By Jamie McGeever
(Reuters) — A look at the day ahead in Asian markets from Jamie McGeever, financial markets columnist.
Asian markets are set to open on the defensive on Thursday, with investors anticipating another slump in Chinese trade activity against a backdrop of rising U.S. bonds yields, new 2023 highs in oil prices and a steep selloff on Wall Street.
Malaysia's central bank is expected to keep interest rates on hold at 3.00% for a second meeting, Chinese FX reserves data and Australian trade figures are also due, and G20 finance and energy ministers meet in India ahead of the leaders' summit this weekend.

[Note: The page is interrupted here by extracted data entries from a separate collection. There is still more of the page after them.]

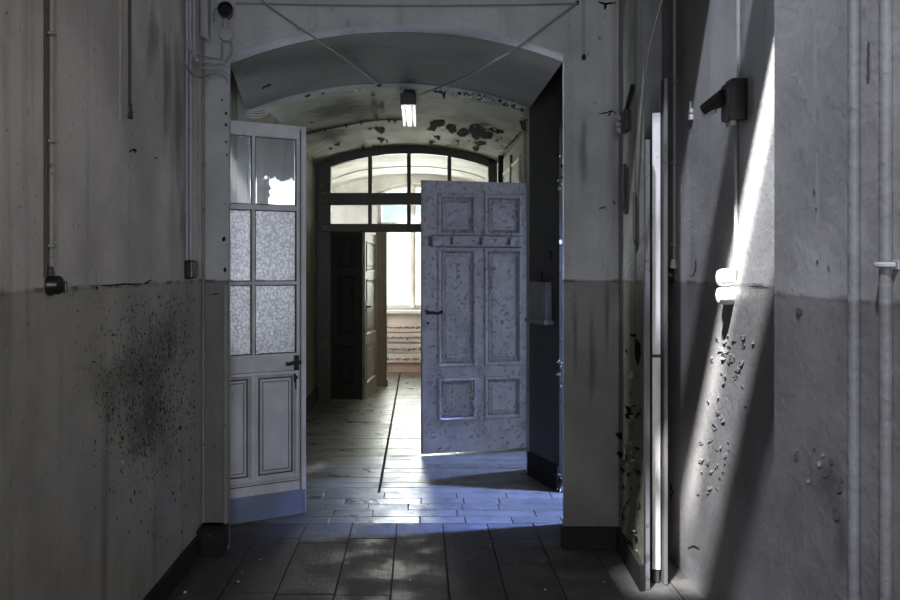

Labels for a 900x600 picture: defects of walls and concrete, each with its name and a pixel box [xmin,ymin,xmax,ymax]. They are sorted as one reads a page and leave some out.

spalling [434,87,528,131]
spalling [427,119,505,152]
spalling [625,334,641,379]
water stain [70,294,196,536]
flaking render [616,405,641,555]

The general market mood is souring as September unfolds, the latest catalyst being a surprisingly strong reading of U.S. services sector activity and price pressure that put a possible Fed rate hike later this year back on the table.
Oil's rise to new highs for the year continue to unnerve investors. For the first time this year U.S. crude futures are more expensive than they were 12 months ago, meaning the disinflationary impulse has now reversed.
Good news for oil exporters, not so good for oil importers like Japan, which imports almost all its energy. The yen is extremely weak, and senior Japanese officials are warning that all options to support the currency are on the table.
Elsewhere in Asian FX markets, China's yuan slid to a 10-month low on Wednesday through 7.32 per dollar and is a whisker from plumbing depths not recorded since late 2007.
Investors could get further reminders on the currency's vulnerability from Chinese trade and FX reserves figures on Thursday.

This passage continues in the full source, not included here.